Les portes… Nous en avons franchi beaucoup et certaines nous ont plus marqués que d’autres. Vous souvenez-vous par exemple de la première que vous avez passée pour vous immerger pour des années dans le système « Éducation nationale » (si longtemps que vous y êtes encore) : le premier jour d’école en maternelle ? Pour certains ce fut peut-être difficile si l’on en juge les larmes des parents qui coulent encore régulièrement début septembre.

Les portes

Ce qui était jusque-là empirique est maintenant bien compris : les émotions influencent puissamment notre capacité à mémoriser, c’est une histoire d’amygdales (dans le cerveau pas au fond de la gorge ceux-là : ils sont impliqués dans les émotions)… Mais là n’est pas l’objet de ma chronique.

Pour ma part, cette entrée dans ce nouveau monde a dû se dérouler sans heurt car je dois bien avouer que je n’en ai aucun souvenir.

Par contre, parmi ces portes qui resteront à jamais dans ma mémoire, il y a celle du principal de mon premier poste : quelques minutes d’attente dans l’angoisse de découvrir mon premier collège, au milieu d’un couloir sans âme. Des minutes pendant lesquelles j’allais rencontrer d’autres jeunes profs qui devinrent des amis.

Puis, lors de la visite de ce même établissement, ce fut la porte de la salle des profs entrouverte qui laissait apparaitre les murs noircis… par un coktail molotov. Vision apocalyptique soulignée par un sobre « elle va être refaite » du chef d’établissement.

Enfin, pour en finir avec mes émotions d’ancien combattant, je me remémore encore, un an plus tôt, ce premier contact de stagiaire avec mes premiers élèves (des premières, justement) devant la porte de la salle, où, bien rangés, ils s’apprêtaient à rentrer quand j’entendis le surveillant m’interpeller : « Et toi, va te ranger avec les autres ». Moi qui avais fait l’effort de mettre une chemise et un pantalon pour faire plus âgé.

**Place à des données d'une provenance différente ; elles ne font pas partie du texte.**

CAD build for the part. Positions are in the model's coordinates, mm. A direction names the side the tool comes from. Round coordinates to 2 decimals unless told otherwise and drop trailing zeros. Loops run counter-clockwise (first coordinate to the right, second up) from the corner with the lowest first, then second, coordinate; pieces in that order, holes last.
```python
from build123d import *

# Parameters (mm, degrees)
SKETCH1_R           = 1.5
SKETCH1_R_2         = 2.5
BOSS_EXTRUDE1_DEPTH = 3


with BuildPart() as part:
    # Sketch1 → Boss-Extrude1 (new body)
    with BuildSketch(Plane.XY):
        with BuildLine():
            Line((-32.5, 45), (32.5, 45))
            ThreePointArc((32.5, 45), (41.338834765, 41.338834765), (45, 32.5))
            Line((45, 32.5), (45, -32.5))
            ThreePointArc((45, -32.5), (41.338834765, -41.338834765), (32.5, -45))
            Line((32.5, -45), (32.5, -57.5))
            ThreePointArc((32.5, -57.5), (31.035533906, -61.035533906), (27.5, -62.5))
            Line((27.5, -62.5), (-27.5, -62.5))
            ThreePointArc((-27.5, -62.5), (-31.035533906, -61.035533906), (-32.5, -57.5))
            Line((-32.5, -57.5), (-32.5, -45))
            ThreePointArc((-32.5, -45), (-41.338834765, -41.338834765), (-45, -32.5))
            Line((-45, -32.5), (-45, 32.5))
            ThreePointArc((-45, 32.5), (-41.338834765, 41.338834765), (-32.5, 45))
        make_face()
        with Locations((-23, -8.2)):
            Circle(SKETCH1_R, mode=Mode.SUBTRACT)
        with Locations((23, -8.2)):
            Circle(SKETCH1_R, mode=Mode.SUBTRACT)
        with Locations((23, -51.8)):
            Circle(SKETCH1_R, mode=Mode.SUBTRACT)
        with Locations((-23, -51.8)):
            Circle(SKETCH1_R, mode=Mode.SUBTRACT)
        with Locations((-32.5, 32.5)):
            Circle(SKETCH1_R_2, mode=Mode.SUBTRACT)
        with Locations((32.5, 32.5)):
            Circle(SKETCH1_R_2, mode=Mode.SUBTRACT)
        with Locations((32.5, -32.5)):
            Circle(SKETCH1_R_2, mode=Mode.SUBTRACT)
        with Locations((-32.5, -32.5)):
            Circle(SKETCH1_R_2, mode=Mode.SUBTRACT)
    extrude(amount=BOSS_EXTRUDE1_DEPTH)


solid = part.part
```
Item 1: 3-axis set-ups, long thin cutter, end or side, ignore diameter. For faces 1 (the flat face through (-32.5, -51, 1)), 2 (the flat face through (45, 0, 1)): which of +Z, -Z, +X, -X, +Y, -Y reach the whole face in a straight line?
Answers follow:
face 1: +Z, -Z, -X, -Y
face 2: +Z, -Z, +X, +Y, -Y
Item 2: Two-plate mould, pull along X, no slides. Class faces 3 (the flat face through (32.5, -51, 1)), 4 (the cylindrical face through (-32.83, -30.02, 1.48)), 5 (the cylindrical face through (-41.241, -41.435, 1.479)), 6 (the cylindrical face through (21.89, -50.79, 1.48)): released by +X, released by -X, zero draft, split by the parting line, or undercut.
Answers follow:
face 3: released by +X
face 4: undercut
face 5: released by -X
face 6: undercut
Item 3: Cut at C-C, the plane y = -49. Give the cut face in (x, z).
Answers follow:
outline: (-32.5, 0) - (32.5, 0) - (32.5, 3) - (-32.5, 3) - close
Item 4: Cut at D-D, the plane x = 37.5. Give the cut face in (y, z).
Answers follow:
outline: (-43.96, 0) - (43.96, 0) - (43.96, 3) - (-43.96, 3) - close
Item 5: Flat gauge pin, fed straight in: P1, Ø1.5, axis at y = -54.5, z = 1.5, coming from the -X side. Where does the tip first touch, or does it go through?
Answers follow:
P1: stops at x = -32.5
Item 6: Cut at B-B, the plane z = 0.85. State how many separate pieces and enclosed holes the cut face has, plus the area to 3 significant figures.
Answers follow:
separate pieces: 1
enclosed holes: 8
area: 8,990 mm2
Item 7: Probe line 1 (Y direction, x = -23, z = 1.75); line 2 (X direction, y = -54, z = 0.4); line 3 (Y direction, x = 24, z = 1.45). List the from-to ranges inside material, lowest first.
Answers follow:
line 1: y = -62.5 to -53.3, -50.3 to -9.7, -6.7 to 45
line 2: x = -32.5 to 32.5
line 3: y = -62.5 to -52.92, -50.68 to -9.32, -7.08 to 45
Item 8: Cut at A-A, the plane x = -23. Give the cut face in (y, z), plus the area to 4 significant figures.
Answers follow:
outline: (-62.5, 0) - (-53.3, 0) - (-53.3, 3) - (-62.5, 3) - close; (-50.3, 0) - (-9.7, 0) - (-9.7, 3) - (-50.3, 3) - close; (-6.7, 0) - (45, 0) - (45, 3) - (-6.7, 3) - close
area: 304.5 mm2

Oui vraiment, ces portes revêtent une importance fondamentale dans nos vies : lorsqu’elles s’ouvrent elles nous permettent de passer dans un autre monde… plein de nouvelles promesses… Mais quand elles se ferment alors il reste, pour nous, comme un sentiment d’échec.

La porte en elle-même devient ainsi un instrument pédagogique.

Pour ma part, depuis que je suis devenu enseignant, j’ai acquis, parmi toutes ses fonctions que nous confère l’autorité, le titre de Cerbère : « c’est moi le gardien de la porte !!! ».

Plus souriant cependant (enfin j’espère) que mon homologue, c’est là que j’accueille souvent mes élèves répondant à leurs salutations par un regard pour chacun, assorti d’un « bonjour bienveillant » (enfin j’espère aussi). C’est l’entrée de mon royaume et s’ils sont agités ou dissipés, ils ne franchissent pas la porte sans être revenus au calme.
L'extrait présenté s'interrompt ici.